__SUPPLIED RECORDS__:
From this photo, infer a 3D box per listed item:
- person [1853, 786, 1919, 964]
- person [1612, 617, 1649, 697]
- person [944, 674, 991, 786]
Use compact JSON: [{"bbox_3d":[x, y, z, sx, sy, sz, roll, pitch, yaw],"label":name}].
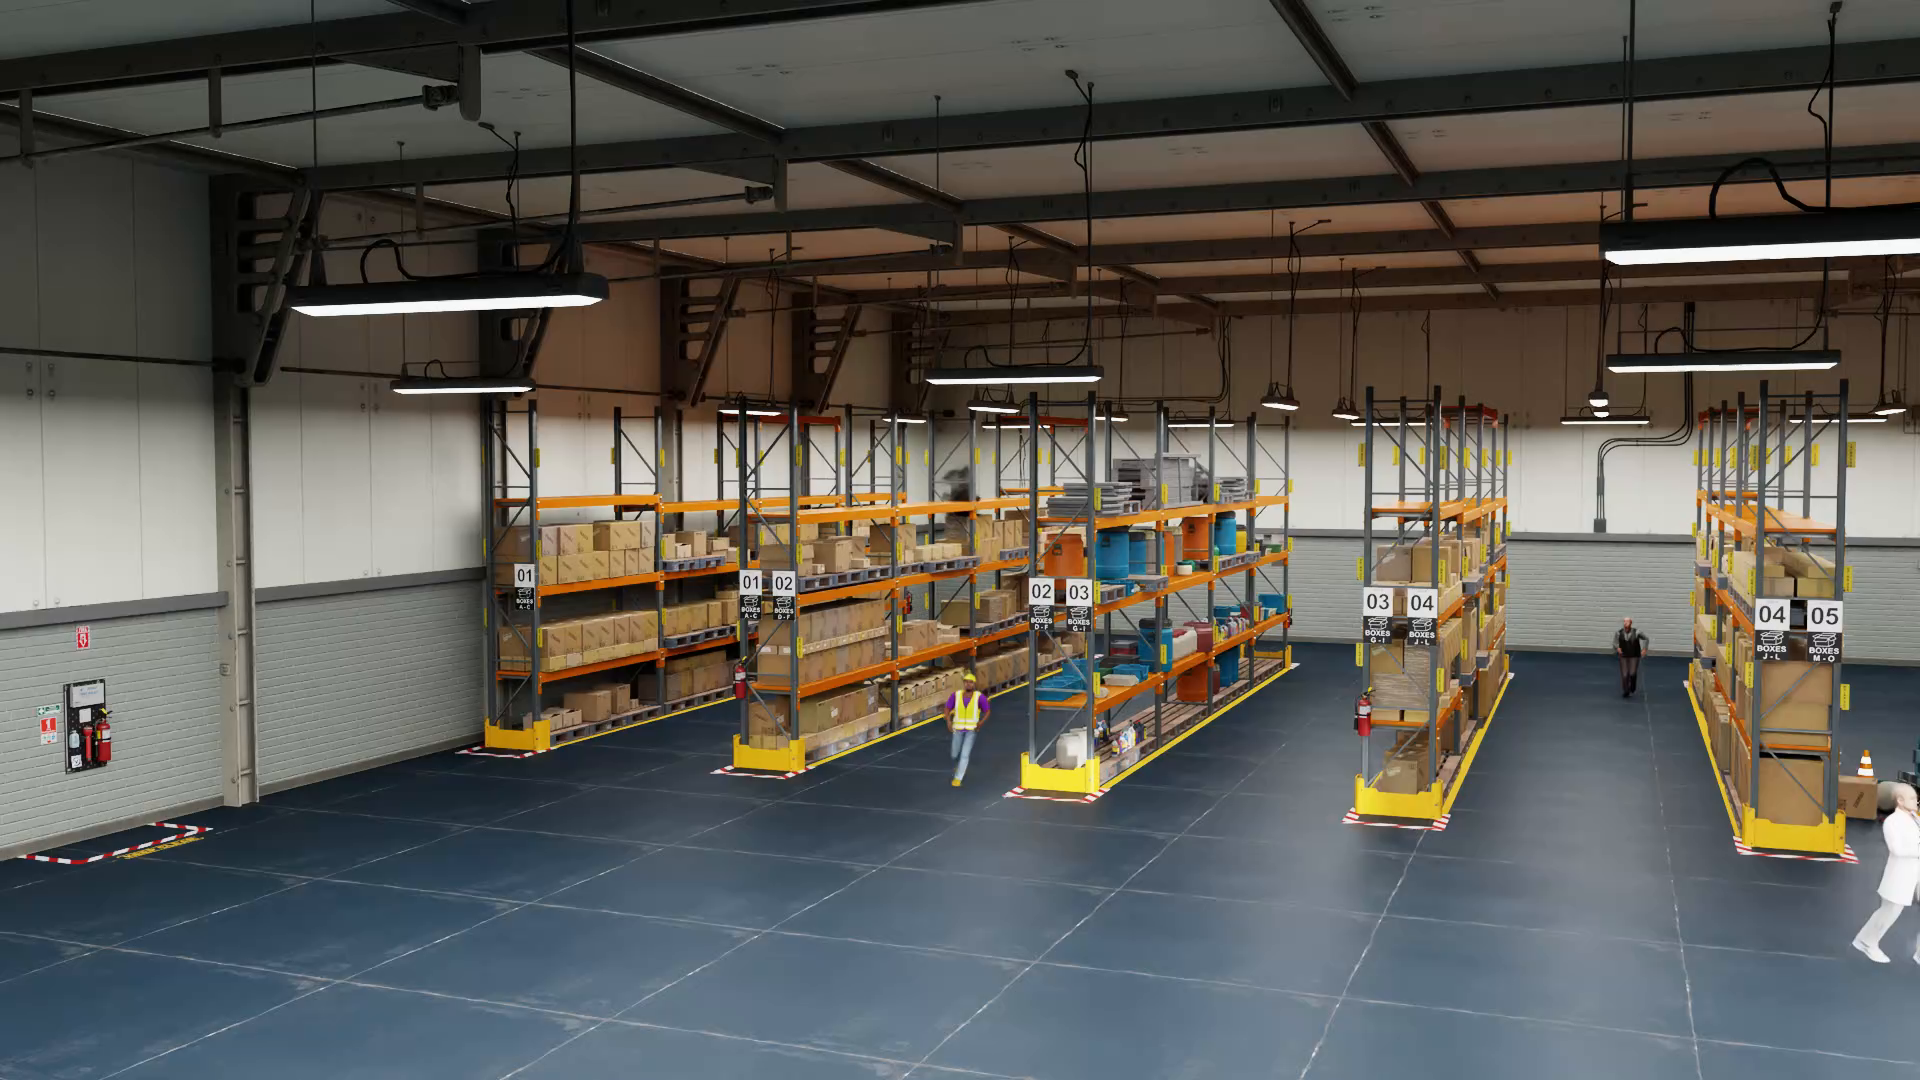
[{"bbox_3d":[9.183,3.331,16.204,0.677,1.801,0.866,-2,3,-30],"label":"person"},{"bbox_3d":[13.945,2.454,34.649,0.683,1.679,0.699,2,3,33],"label":"person"},{"bbox_3d":[0.112,2.903,25.575,0.729,1.700,0.671,0,3,6],"label":"person"}]

__WHAT YOU HAVE TO DO__: Every line of the records above should be reproduced exactly, with no pictures included.

__PROBLEM SOLUTION__:
From this photo, infer a 3D box per listed item:
- person [1853, 786, 1919, 964]
- person [1612, 617, 1649, 697]
- person [944, 674, 991, 786]
Use compact JSON: [{"bbox_3d":[x, y, z, sx, sy, sz, roll, pitch, yaw],"label":name}].
[{"bbox_3d":[9.183,3.331,16.204,0.677,1.801,0.866,-2,3,-30],"label":"person"},{"bbox_3d":[13.945,2.454,34.649,0.683,1.679,0.699,2,3,33],"label":"person"},{"bbox_3d":[0.112,2.903,25.575,0.729,1.700,0.671,0,3,6],"label":"person"}]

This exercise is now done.